Some of them are even helpful, and possibly instructive.
Look to the savviest investors and you’ll find pearls of wisdom that speak to the current climate, the past investing landscape and which may be good lodestars for the future.
How about this one: Benjamin Graham, widely regarded as the man who basically created the discipline known as value investing, and who said (or wrote), “In the short run, the market is a voting machine, but in the long run it is a weighing machine.”
The gist of that maxim offers up two concepts that sometimes can sometimes gel, and sometimes can clash: popularity versus substance.
When looking at any vehicle that changes hands and changes price, it pays, no pun intended, to keep an eye on votes versus weight. A few scenarios come to mind with, well, anything that is tradeable.
High votes, high weight: popular, yes, but with value that is recognized and likely costs a pretty penny. Low votes, low weight: No one really wants it, and likely for good reason, as shoddy workmanship, value or trouble is in the offing. Low votes, high weight: this is what investors want, where value goes unrecognized and price is low. Scoop up an asset at this point, goes the thinking, and it’s just a matter of time before the market wakes up and the votes accumulate. Buy low, sell high becomes that most pleasurable of activities.
And then there’s high votes, low weight: the popularity contest that ends in tears. Here is where you find the mindset where people buy something just because others are buying, with the assumption that you’d better do it now before it gets much higher and you’ll have missed the opportunity to sell it to someone else for more than you paid.
Momentum, you might call it.

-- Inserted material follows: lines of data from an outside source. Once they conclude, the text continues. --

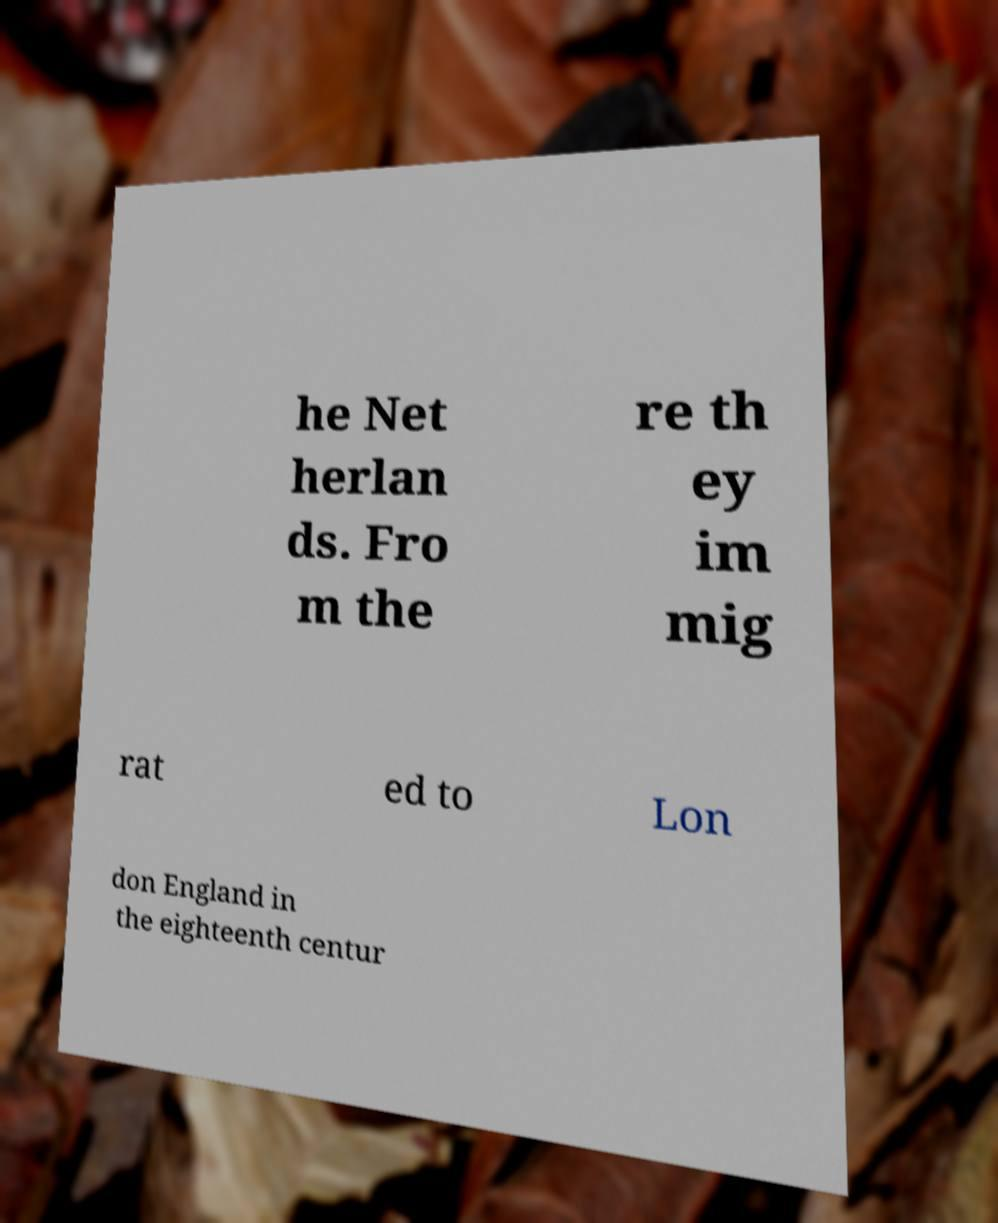Could you extract and type out the text from this image? he Net herlan ds. Fro m the re th ey im mig rat ed to Lon don England in the eighteenth centur 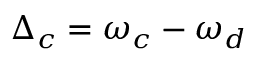<formula> <loc_0><loc_0><loc_500><loc_500>\Delta _ { c } = \omega _ { c } - \omega _ { d }</formula> 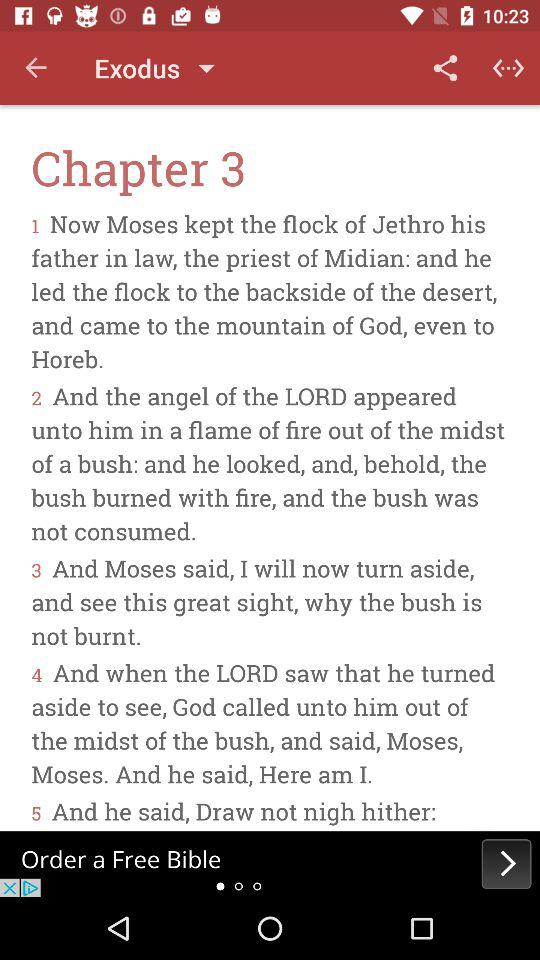What's the book name? The book name is "Exodus".

Or, by another name, bitcoin.
At this writing, bitcoin sits at a per-coin price of around $6,600. That’s a far cry from the $20,000-ish that the same coins fetched at the end of last year. That lofty five-digit tally was also a far cry higher than the roughly $800 seen at the beginning of last year.
So, what changed? Everything and nothing. It is the “everything” that ties in with the aforementioned “voting,” and which has bedeviled the price in recent months. The popular, conventional wisdom is that bitcoin will change the way we pay, and cryptos have plenty of room to take over the world – and there is enough room for all of them to co-exist.
But for that marquee name, bitcoin, news comes this week that “concentrated price manipulation,” as The New York Times termed it, may have been behind at least half of last year’s boost. That assessment comes from John Griffin, a University of Texas professor of finance, and Amin Shams, a graduate student.
In its starkest terms, the prices were led upward by exchanges, unregulated ones, such as Bitfinex, with presence outside the U.S. and lightly regulated. Here, said the research from Griffin and Shams, Tether, another virtual currency, was used to buy bitcoin. In other words, one crypto helped to prop up and boost another – and, by the way, Tether was in fact designed and sold by Bitfinex creators.
The specter of manipulation hit the bitcoin price, sending it down a few percentage points this week. Then, too, came reports from market research firm Chainalysis, as noted by Financial Times, that long-term investors held three times the amount of bitcoin than short-term traders, and in the ensuing months sold off a huge chunk of those holdings. Two months ago, the numbers stood rather near one another, at six million bitcoin held by investors to 5.1 million held by traders.
Not incongruously, this all came while regulators were gunning to regulate. Seems like a weighing machine is a-waiting to a-weight – and, perhaps, to restrict such hurried, unregulated transfers of wealth.
Not great odds that we have seen the last of the drops yet.